Unlike other monetary policy related rallies that get fueled by massive additional liquidity tagged to hopes for real fundamental improvement as a result, the current rally is solely based on euphoria, inflated hopes and a little bit of irrational exuberance!

Despite some mixed readings in global macro data (recent manufacturing numbers for July out of Europe were mostly better than expected), there are no clear signs of stabilization; the  latest data out of China even show further deterioration, Europe will remain in a recession and the global manufacturing sector remains in contraction territory. FDX rang in the Q3 pre-announcement season a couple of days ago and INTC followed through with a bang this morning, cutting guidance for Q3 across the board and withdrawing guidance for the year. Q3 earnings and Q4 guidance might be the next real test for investors to evaluate whether fundamentals stabilize and when global economic growth may start a recovery. So far the trend in earnings growth points down and estimates for Q4 have to get sharply adjusted to the downside!

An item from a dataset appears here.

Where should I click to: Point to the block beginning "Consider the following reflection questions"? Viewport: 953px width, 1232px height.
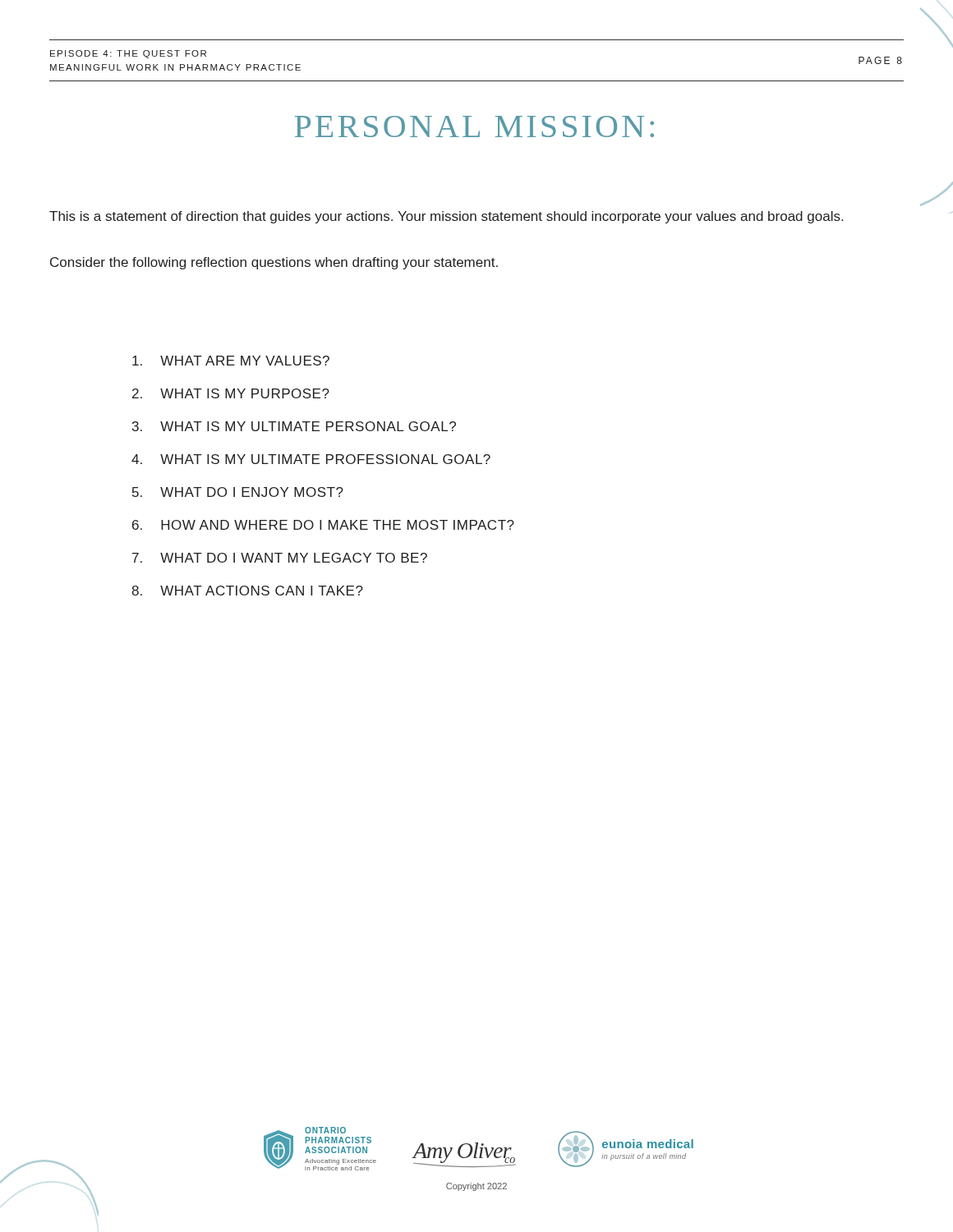(x=476, y=263)

Having said that, the March/April high in the SPX at 1422.38 and the NDX at 2794 are the crucial levels that got broken yesterday. A confirmation of this break-out is needed to move on, so the market shouldn’t give up half of yesterday’s gains by the end of today but boiling expectations for a QE3 announcement at next week’s FOMC meeting following another dismal jobs-report might do the job to keep the euphoria alive, that trading-oriented market participants may use to participate!

Trade well and have a great weekend.


(Marco Bonelli is the Managing Director of International for CL King & Associates in New York. The opinions expressed are his own.)